When you dereference a pointer, like *str = '\0', it's saying: The memory str points at, put this '\0' there.
So when the code defines a pointer, but without any initialisation, it could be pointing anywhere, perhaps even to memory the executable doesn't own (or owns, but can't write to).
For example:
int *pt = blah; // What does 'pt' point at?
It does not have an address. So if the code tries to dereference it, it's just pointing off anywhere in memory, and this gives indeterminate results.
But the case of:
int number = 605;
int *pt = &number
*pt = 606;
Is perfectly valid, because the compiler has generated some space for the storage of number, and now pt contains the address of that space.
So when we use the address-of operator & on a variable, it gives us the number in memory where the variable's content is stored. So if the variable number happened to be stored at byte 100040:
int number = 605;
printf( "Number is stored at %p\n", &number );
We would get the output:
Number is stored at 100040
Similarly with string-arrays, these are really just pointers too. The address is the memory-number of the first element.
// words, words_ptr1, words_ptr2 all end up being the same address
char words[] = "Sometimes I feel like I'm going crazy."
char *words_ptr1 = &(words[0]);
char *words_ptr2 = words;

There are answers here with very good and detailed information.
I will post another answer, perhaps targeting more straightly to the OP.
Rephrasing it a bit:
Why is
int *pt;
*pt = 606;
not ok (non working case), and
char *str = "Sometimes I feel like I'm going crazy.";
is ok (working case)?
Consider that:
char *str = "Sometimes I feel like I'm going crazy.";
is equivalent to
char *str;
str = "Sometimes I feel like I'm going crazy.";
The closest "analogous", working case for int is (using a compound literal instead of a string literal)
int *pt = (int[]){ 686, 687 };
or
int *pt;
pt = (int[]){ 686, 687 };
So, the differences with your non-working case are three-fold:
Use pt = ... instead of *pt = ...
Use a compound literal, not a value (by the same token, str = 'a' wouldn't work).
Compound literals are not always guaranteed to work, since the lifetime of its storage depends on standard/implementation.
In fact, its use as above may give the compilation error taking address of temporary array.
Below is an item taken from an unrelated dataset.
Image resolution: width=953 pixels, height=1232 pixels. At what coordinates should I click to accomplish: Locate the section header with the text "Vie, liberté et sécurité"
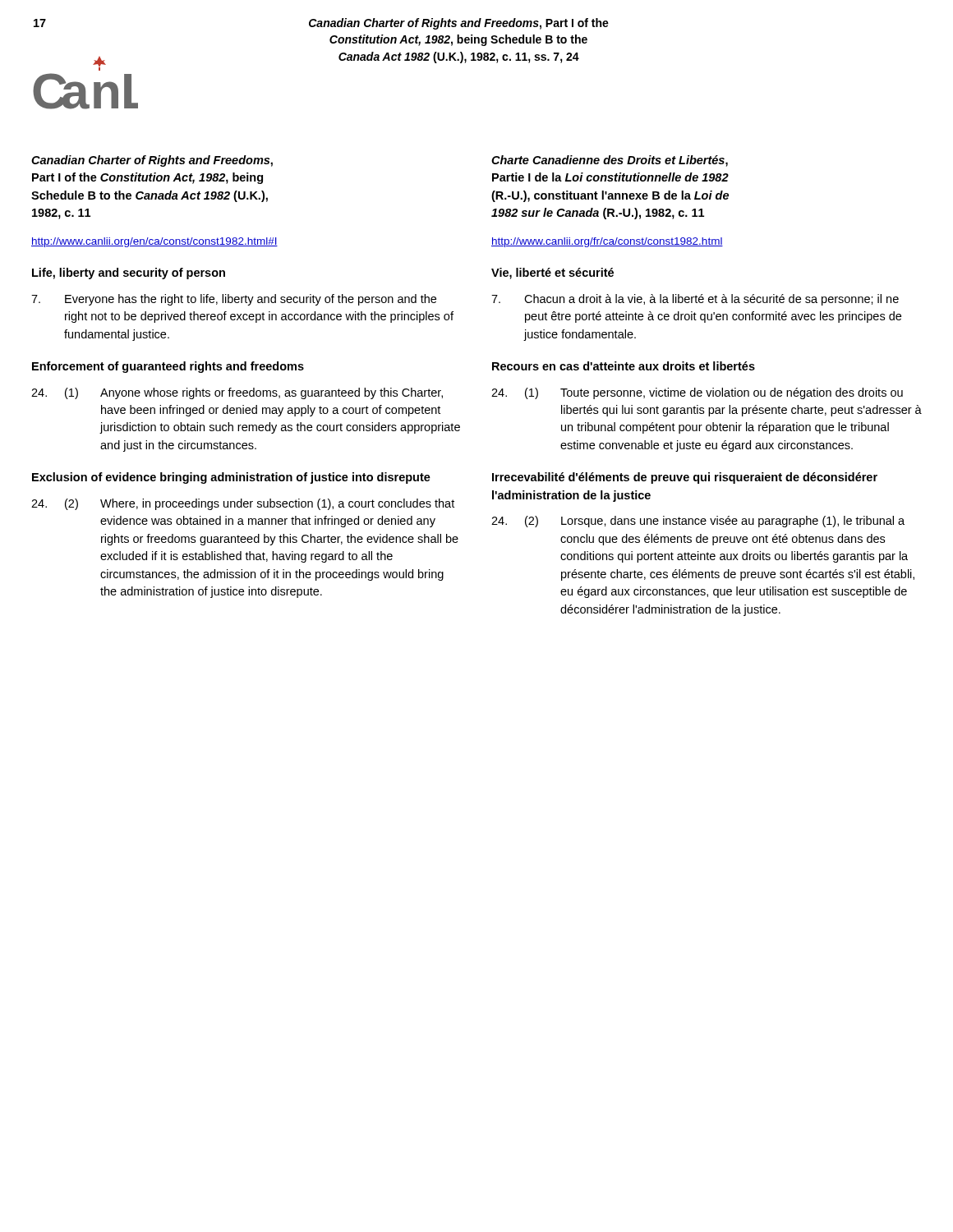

A string variable can be declared either as an array of characters char txt[] or using a character pointer char* txt. The following illustrates the declaration and initialization of a string:
char* txt = "Hello";
In fact, as illustrated above, txt is a pointer to the first character of the string literal.
Whether we are able to modify (read/write) a string variable or not, depends on how we declared it.
6.4.5 String literals (ISO)
6. It is unspecified whether these arrays are distinct provided their elements have the appropriate values. If the program attempts to modify such an array, the behavior is undefined.
Actually, if we declare a string txt like we previously did, the compiler will declare the string literal in a read-only data section .rodata (platform dependent) even if txt is not declared as const char*. So we can not modify it. Actually, we should not even try to modify it. In this case gcc can fire warnings (-Wwrite-strings) or even fail due to -Werror. In this cas, it is better to declare string variable as const pointers:
const char* txt = "Hello";
On the other hand, we can declare a string variable as an array of characters:
char txt[] = "Hello";
In that case, the compiler will arrange for the array to get initialized from the string literal, so you can modify it.
Note: An array of characters can be used as if it was a pointer to its first character. That's why we can use txt[0] or *txt syntax to access the first character. And we can even explicitly convert an array of characters to a pointer:
char txt[] = "Hello";
char* ptxt = (char*) txt;

Can a string be assigned to a char pointer, without it becoming a literal?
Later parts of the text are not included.